_TASK GOAL:_ Once the pictures are removed, restate the listing word for word.

---

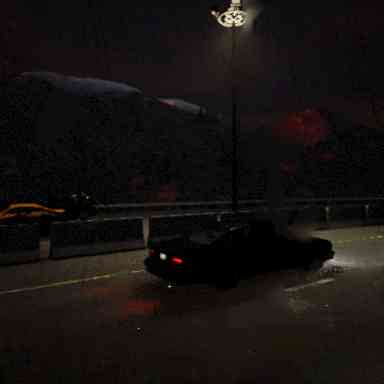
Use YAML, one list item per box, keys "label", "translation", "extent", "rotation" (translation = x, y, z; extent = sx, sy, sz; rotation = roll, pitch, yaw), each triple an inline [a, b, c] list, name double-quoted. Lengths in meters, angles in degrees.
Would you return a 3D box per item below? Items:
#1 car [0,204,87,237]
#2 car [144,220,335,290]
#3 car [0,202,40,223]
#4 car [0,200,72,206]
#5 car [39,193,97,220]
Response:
- label: "car"
  translation: [-7.493, 1.506, 15.670]
  extent: [4.181, 1.385, 1.994]
  rotation: [-1, 0, -34]
- label: "car"
  translation: [1.451, 1.471, 8.829]
  extent: [5.357, 1.411, 2.033]
  rotation: [-1, 0, -33]
- label: "car"
  translation: [-13.514, 1.490, 24.257]
  extent: [4.181, 1.385, 1.994]
  rotation: [-1, 0, -34]
- label: "car"
  translation: [-9.625, 1.416, 18.457]
  extent: [5.008, 1.535, 1.882]
  rotation: [-1, 0, -34]
- label: "car"
  translation: [-9.386, 1.125, 22.847]
  extent: [5.566, 2.045, 2.150]
  rotation: [-1, 0, -33]
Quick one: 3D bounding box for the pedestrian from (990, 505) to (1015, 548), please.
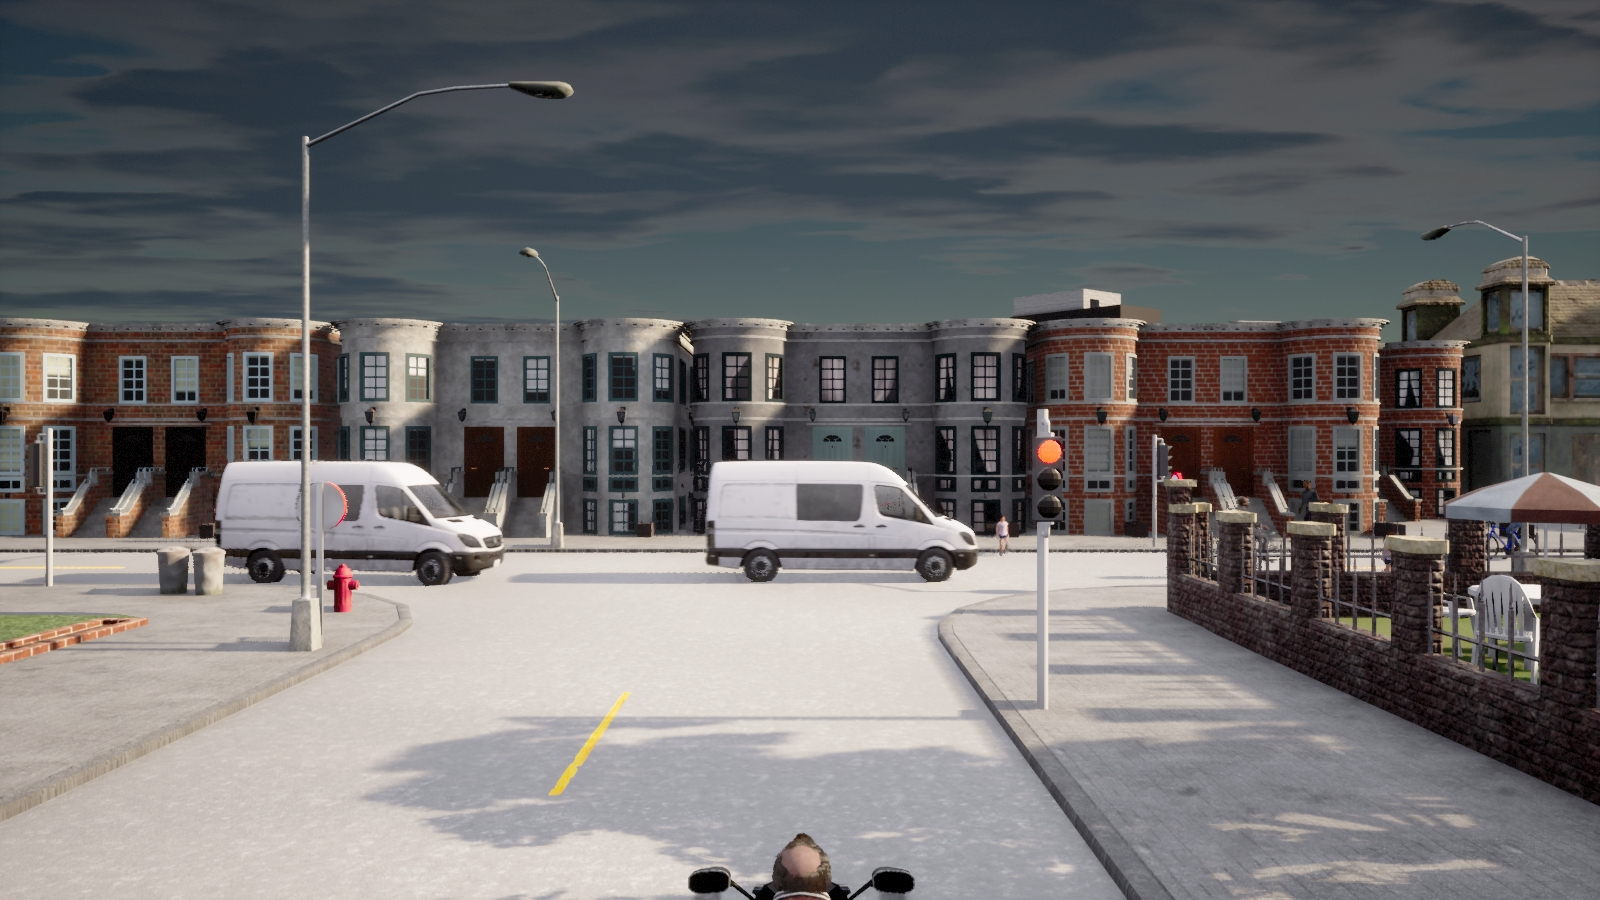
[{"bbox_3d":[5.302,1.996,29.910,0.500,1.100,0.500,0,0,-8],"label":"pedestrian"}]

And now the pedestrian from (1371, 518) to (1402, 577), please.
[{"bbox_3d":[11.392,1.887,22.197,0.500,1.100,0.500,0,0,23],"label":"pedestrian"}]

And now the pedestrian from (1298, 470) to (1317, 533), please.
[{"bbox_3d":[14.997,1.512,33.748,0.375,1.860,0.375,0,0,-8],"label":"pedestrian"}]

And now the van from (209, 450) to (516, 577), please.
[{"bbox_3d":[-9.308,1.305,24.530,5.915,2.561,1.988,0,0,7],"label":"van"}]

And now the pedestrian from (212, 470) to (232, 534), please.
[{"bbox_3d":[-16.954,1.511,33.517,0.375,1.860,0.375,0,0,7],"label":"pedestrian"}]

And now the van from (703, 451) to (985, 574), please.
[{"bbox_3d":[0.921,1.305,24.919,5.915,2.561,1.988,0,0,0],"label":"van"}]

---

_ANSWER:_
Use YAML, one list item per box, keys "label", "translation", "extent", "rotation" (translation = x, y, z; extent = sx, sy, sz; rotation = roll, pitch, yaw), each triple an inline [a, b, c] list, name double-quoted. Lengths in meters, angles in degrees.
Would you return a 3D box per item below? Items:
#1 car [0,204,87,237]
#2 car [144,220,335,290]
#3 car [0,202,40,223]
#4 car [0,200,72,206]
#5 car [39,193,97,220]
Response:
- label: "car"
  translation: [-7.493, 1.506, 15.670]
  extent: [4.181, 1.385, 1.994]
  rotation: [-1, 0, -34]
- label: "car"
  translation: [1.451, 1.471, 8.829]
  extent: [5.357, 1.411, 2.033]
  rotation: [-1, 0, -33]
- label: "car"
  translation: [-13.514, 1.490, 24.257]
  extent: [4.181, 1.385, 1.994]
  rotation: [-1, 0, -34]
- label: "car"
  translation: [-9.625, 1.416, 18.457]
  extent: [5.008, 1.535, 1.882]
  rotation: [-1, 0, -34]
- label: "car"
  translation: [-9.386, 1.125, 22.847]
  extent: [5.566, 2.045, 2.150]
  rotation: [-1, 0, -33]
Quick one: 3D bounding box for the pedestrian from (990, 505) to (1015, 548), please.
[{"bbox_3d":[5.302,1.996,29.910,0.500,1.100,0.500,0,0,-8],"label":"pedestrian"}]

And now the pedestrian from (1371, 518) to (1402, 577), please.
[{"bbox_3d":[11.392,1.887,22.197,0.500,1.100,0.500,0,0,23],"label":"pedestrian"}]

And now the pedestrian from (1298, 470) to (1317, 533), please.
[{"bbox_3d":[14.997,1.512,33.748,0.375,1.860,0.375,0,0,-8],"label":"pedestrian"}]

And now the van from (209, 450) to (516, 577), please.
[{"bbox_3d":[-9.308,1.305,24.530,5.915,2.561,1.988,0,0,7],"label":"van"}]

And now the pedestrian from (212, 470) to (232, 534), please.
[{"bbox_3d":[-16.954,1.511,33.517,0.375,1.860,0.375,0,0,7],"label":"pedestrian"}]

And now the van from (703, 451) to (985, 574), please.
[{"bbox_3d":[0.921,1.305,24.919,5.915,2.561,1.988,0,0,0],"label":"van"}]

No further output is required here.